One concern about using viewing times in comic research is whether they can capture potential differences between event model construction and updating processes. The present results using highly structured material suggest that this is possible. However, it should be noted that our experimental materials were designed as extreme examples of omissions and switches between two separate events (i.e., using blank panels and abrupt switches mid-event), which actually exist in visual narratives (see McCloud, 1994), but are not the most prototypical examples of coherence breaks in visual narratives. Therefore, the generalizability of our findings may be limited to extreme cases, whereas a distinction between mapping and shifting may not be as straightforward for less extreme cases of coherence breaks. Further, inferring cognitive processes from viewing times strongly profits from also incorporating event segmentation data. Large viewing time increases coinciding with marked segmentation could be interpreted as construction processes, while other prominent viewing time increases could be ascribed to updating. The present study underlines the importance of the perceived event structure for understanding visual narrative continuity and the collection of more than a single dependent measure.

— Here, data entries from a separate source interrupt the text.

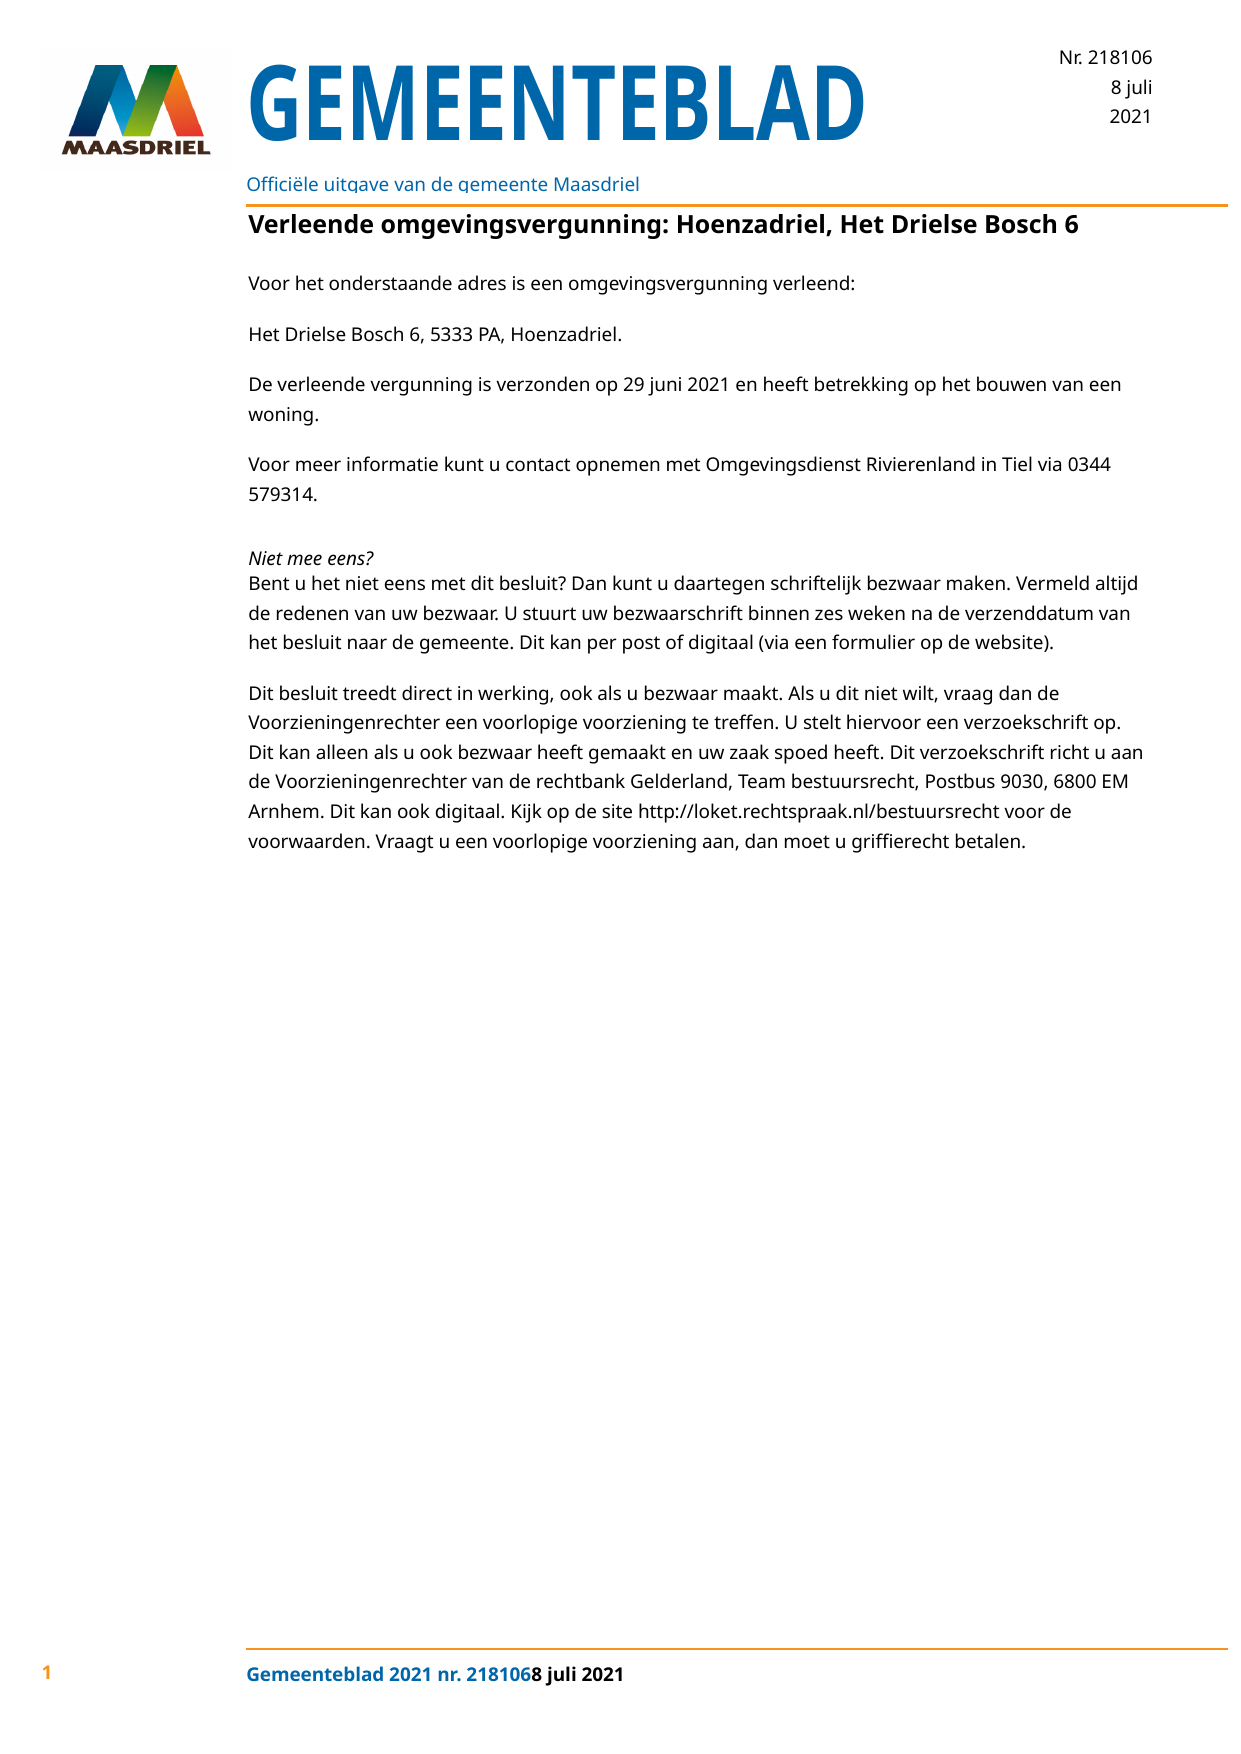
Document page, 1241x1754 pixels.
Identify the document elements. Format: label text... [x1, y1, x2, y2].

text De verleende vergunning is verzonden op 29 juni 2021 en heeft betrekking op het bouwen van een woning. [248, 371, 1152, 426]
text Voor meer informatie kunt u contact opnemen met Omgevingsdienst Rivierenland in Tiel via 0344 579314. [248, 451, 1152, 506]
picture [41, 47, 231, 172]
text Niet mee eens? [248, 545, 1152, 570]
text Verleende omgevingsvergunning: Hoenzadriel, Het Drielse Bosch 6 [248, 207, 1152, 241]
text Het Drielse Bosch 6, 5333 PA, Hoenzadriel. [248, 321, 1152, 346]
text Dit besluit treedt direct in werking, ook als u bezwaar maakt. Als u dit niet wilt, vraag dan de Voorzieningenrechter een voorlopige voorziening te treffen. U stelt hiervoor een verzoekschrift op. Dit kan alleen als u ook bezwaar heeft gemaakt en uw zaak spoed heeft. Dit verzoekschrift richt u aan de Voorzieningenrechter van de rechtbank Gelderland, Team bestuursrecht, Postbus 9030, 6800 EM Arnhem. Dit kan ook digitaal. Kijk op de site http://loket.rechtspraak.nl/bestuursrecht voor de voorwaarden. Vraagt u een voorlopige voorziening aan, dan moet u griffierecht betalen. [248, 680, 1152, 854]
text Voor het onderstaande adres is een omgevingsvergunning verleend: [248, 270, 1152, 296]
text Bent u het niet eens met dit besluit? Dan kunt u daartegen schriftelijk bezwaar maken. Vermeld altijd de redenen van uw bezwaar. U stuurt uw bezwaarschrift binnen zes weken na de verzenddatum van het besluit naar de gemeente. Dit kan per post of digitaal (via een formulier op de website). [248, 570, 1152, 655]

A central contribution of this work is the converging evidence across three dependent measures (viewing times, event segmentation, comprehensibility ratings) that event model construction (shifting and laying a foundation) and event model updating (mapping) reflect distinct processes of narrative comprehension. This finding contradicts McNamara and Magliano’s (2009) suggestion that it is not necessary to define shifting and laying a foundation as additional processes to mapping. It is the interplay of our experimental design with the combination of measures of narrative comprehension (viewing times, comprehensibility ratings) and event perception (event segmentation) that has allowed us to reach this conclusion about the distinctiveness of event model construction and event model updating. Thus, comic research can not only rely on theories and findings of narrative comprehension research (e.g., Cohn, 2020; Gernsbacher, 1997), but can also profit from incorporating theories and models of event perception such as the EST (Zacks, 2020) and the Event Horizon Model (EHM; Radvansky, 2012) for further theory-building and research. Especially for other cognitive variables and consequences of model construction and updating processes, such as memory formation or attention allocation, findings from event cognition could provide a sound basis. For example, the EHM makes explicit assumptions about how event boundaries may either enhance or reduce memory depending on the characteristics of the retrieval task (Radvansky, 2012). In this context, it is argued that external cues such as walking through doorways (Pettijohn et al., 2016; Radvansky et al., 2010) or spreading information across different sections of a computer screen (Pettijohn et al., 2016) elicit the creation of new mental models and thus cause memory effects. Combining such findings of event cognition with narrative comprehension research could also be important for utilizing visual narratives in practical application scenarios, like diagnostics, mental health, or aging (e.g., Richmond et al., 2017), where event segmentation research can already make important contributions.

Conclusion

In this study, we set out to map differences between the central comprehension processes of event model construction and updating through employing measures from narrative comprehension (i.e., viewing time) and event cognition research (i.e., segmentation) in visual narratives containing different types of coherence breaks. Results across multiple measures provide converging evidence that the assumption of a distinction between event model construction and updating has merit and should be the subject of further investigations.